Systems biological approach on neurological disorders: a novel molecular connectivity to aging and psychiatric diseases
© Ahmed et al; licensee BioMed Central Ltd. 2011
Received: 23 June 2010
Accepted: 12 January 2011
Published: 12 January 2011
Systems biological approach of molecular connectivity map has reached to a great interest to understand the gene functional similarities between the diseases. In this study, we developed a computational framework to build molecular connectivity maps by integrating mutated and differentially expressed genes of neurological and psychiatric diseases to determine its relationship with aging.
The systematic large-scale analyses of 124 human diseases create three classes of molecular connectivity maps. First, molecular interaction of disease protein network generates 3632 proteins with 6172 interactions, which determines the common genes/proteins between diseases. Second, Disease-disease network includes 4845 positively scored disease-disease relationships. The comparison of these disease-disease pairs with Medical Subject Headings (MeSH) classification tree suggests 25% of the disease-disease pairs were in same disease area. The remaining can be a novel disease-disease relationship based on gene/protein similarity. Inclusion of aging genes set showed 79 neurological and 20 psychiatric diseases have the strong association with aging. Third and lastly, a curated disease biomarker network was created by relating the proteins/genes in specific disease contexts, such analysis showed 73 markers for 24 diseases. Further, the overall quality of the results was achieved by a series of statistical methods, to avoid insignificant data in biological networks.
This study improves the understanding of the complex interactions that occur between neurological and psychiatric diseases with aging, which lead to determine the diagnostic markers. Also, the disease-disease association results could be helpful to determine the symptom relationships between neurological and psychiatric diseases. Together, our study presents many research opportunities in post-genomic biomarkers development.
Systems biology is an indispensable approach to study the complex mechanisms of any disease or disorders. After post-genomic era the accumulation of genomics and proteomics data are widely flooded.
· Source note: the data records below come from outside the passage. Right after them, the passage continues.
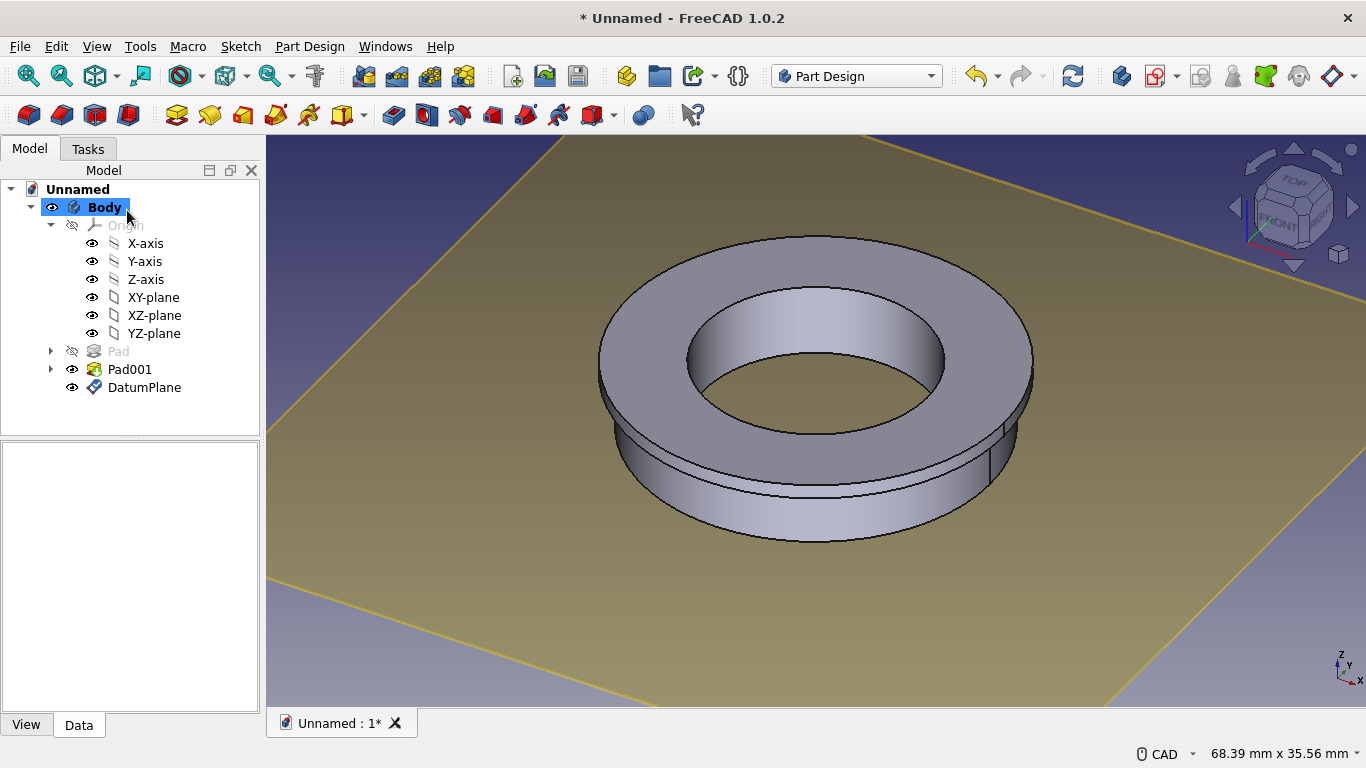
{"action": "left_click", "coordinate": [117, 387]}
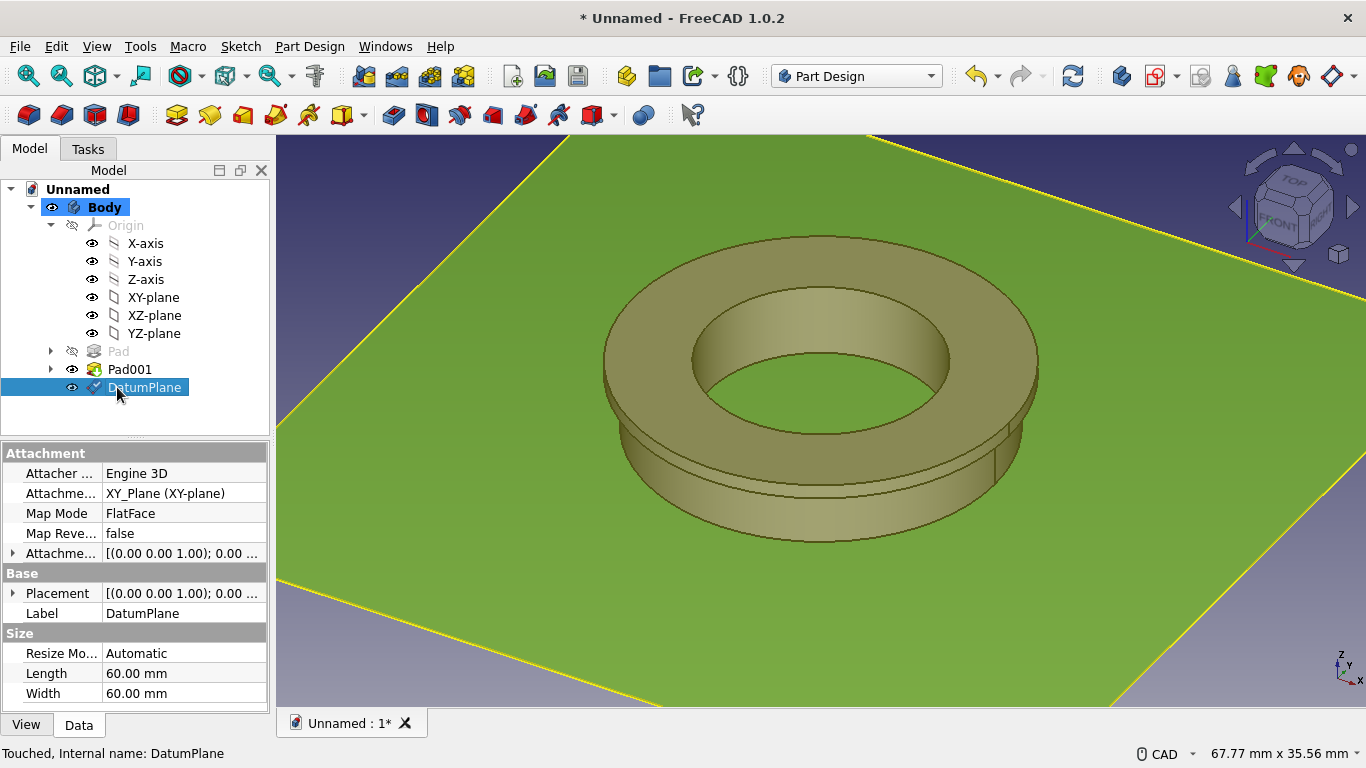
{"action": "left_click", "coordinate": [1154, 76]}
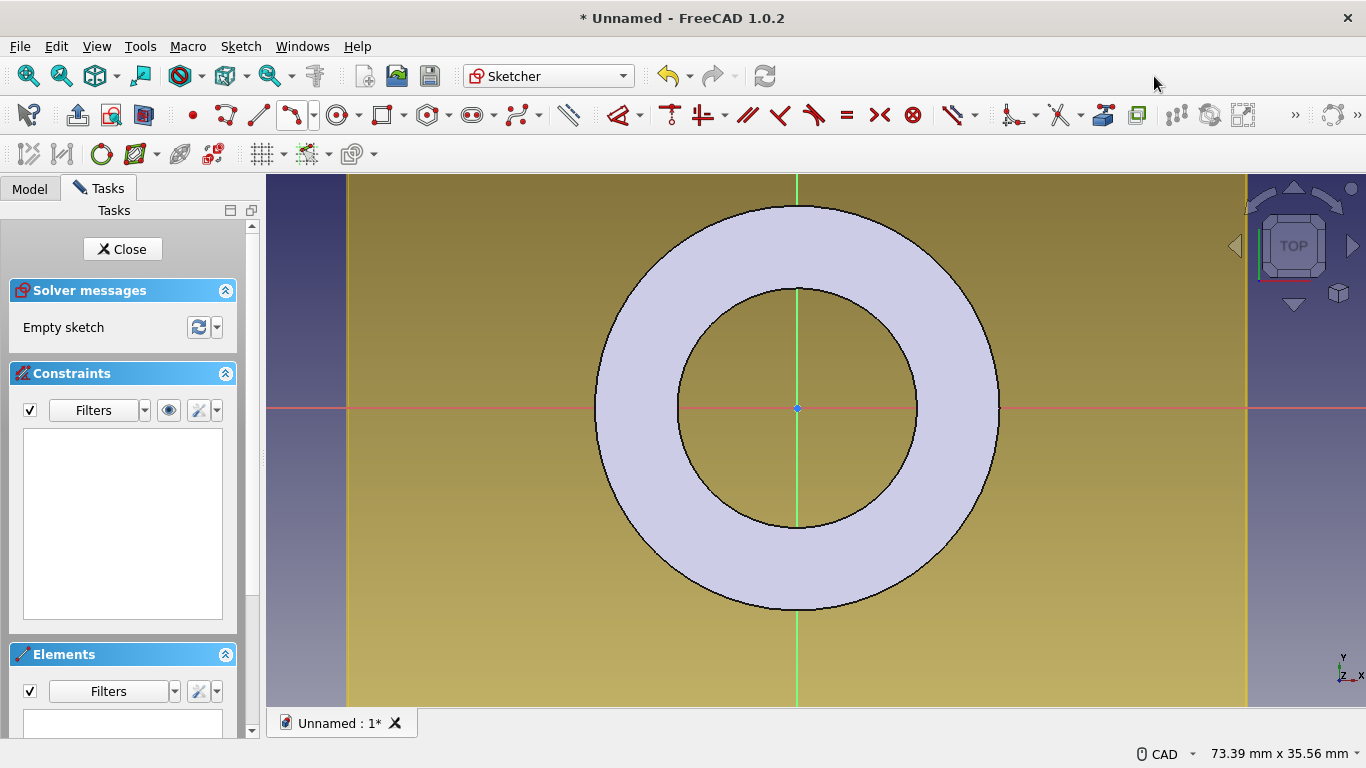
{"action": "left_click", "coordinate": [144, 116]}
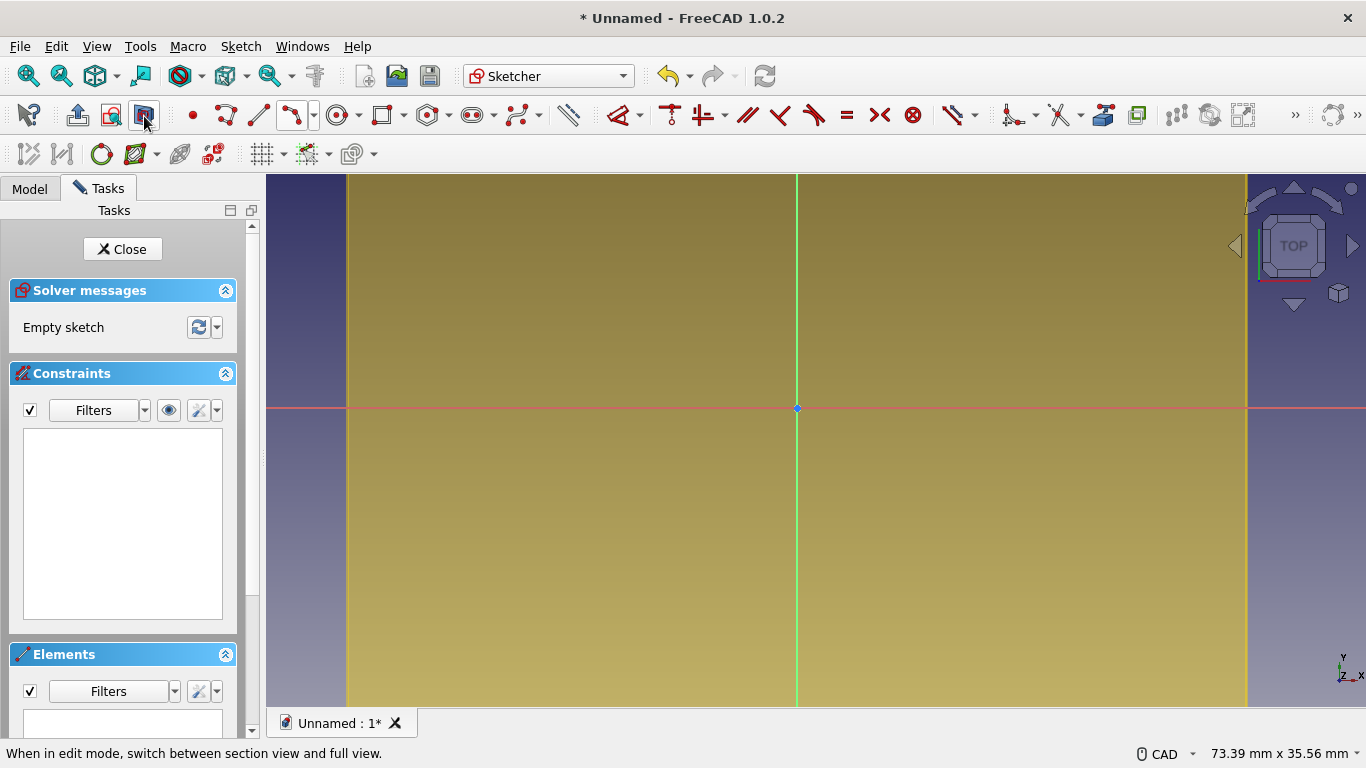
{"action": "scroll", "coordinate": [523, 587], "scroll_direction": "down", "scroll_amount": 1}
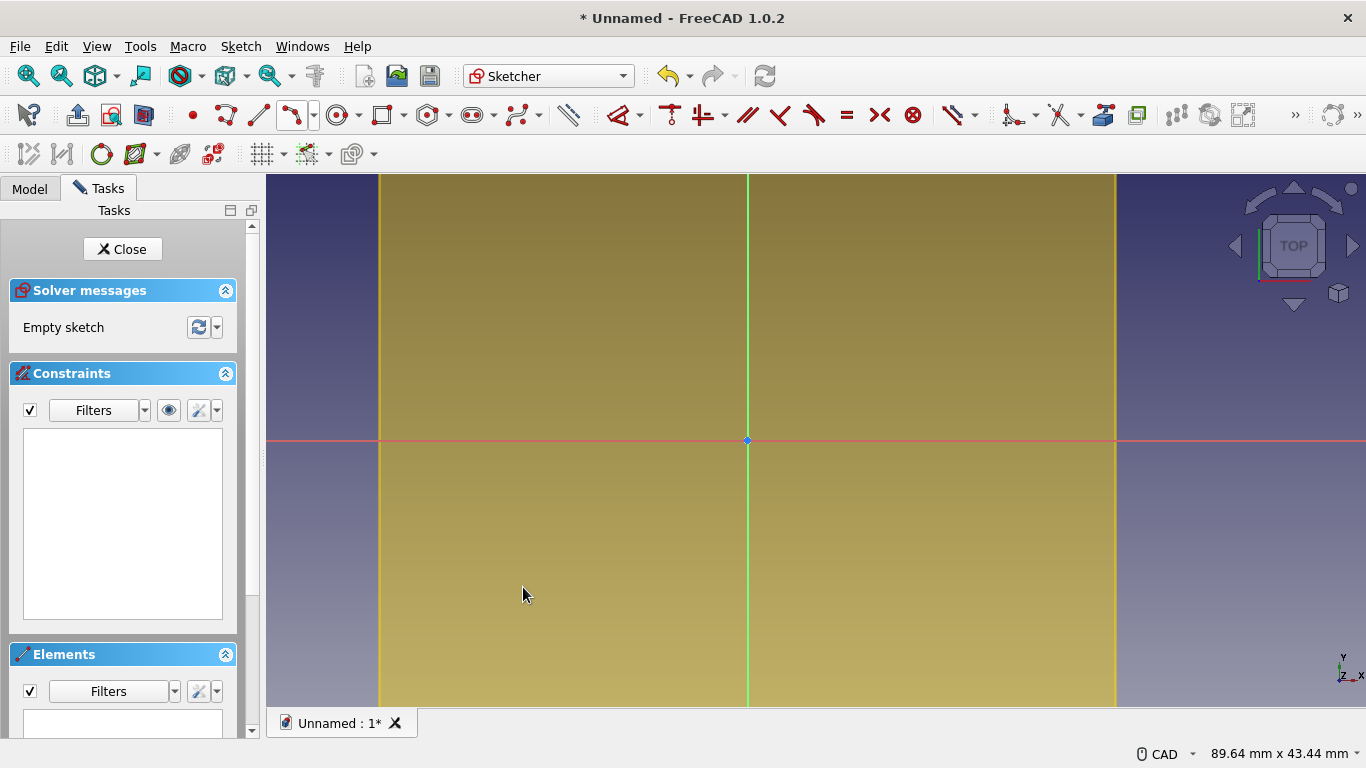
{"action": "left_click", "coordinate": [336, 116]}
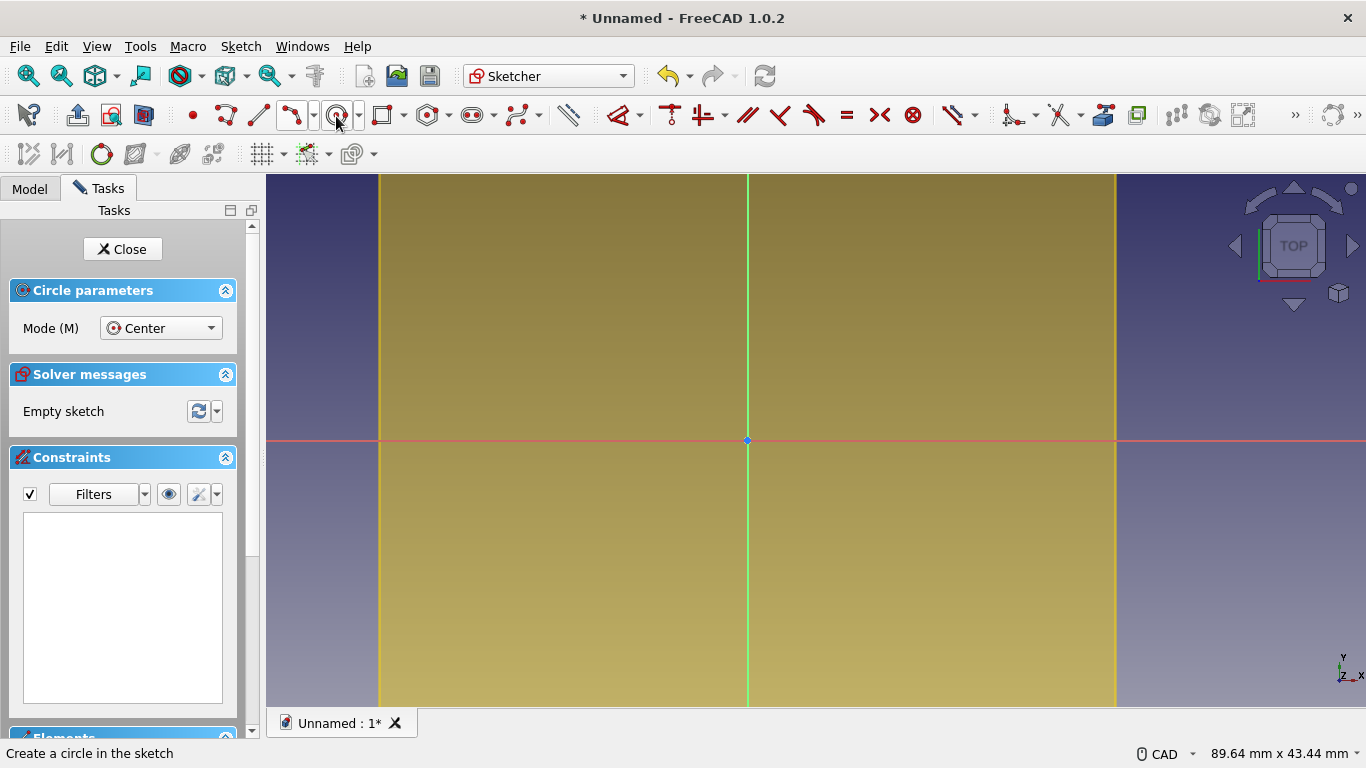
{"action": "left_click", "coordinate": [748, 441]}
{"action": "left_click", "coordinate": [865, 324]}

However, there is an unrealized opportunity remains in the understanding of detailed molecular mechanisms of several neurological disorders [1, 2]. Thus, the molecular diagnosis of most of the neurological disorders remains difficult and mostly carried out by neurological examination . The current molecular connectivity approaches of systems biology are mainly focusing on building large protein networks without probing the interaction mechanisms specific to disorders or disease condition [4, 5]. Hence, the possibility of finding successful biomarkers through systems biology approach is intricate. In order to gain a better understanding of molecular mechanism, disease relationship and biomarkers, the genes implicated within similar disorders are need to be focused.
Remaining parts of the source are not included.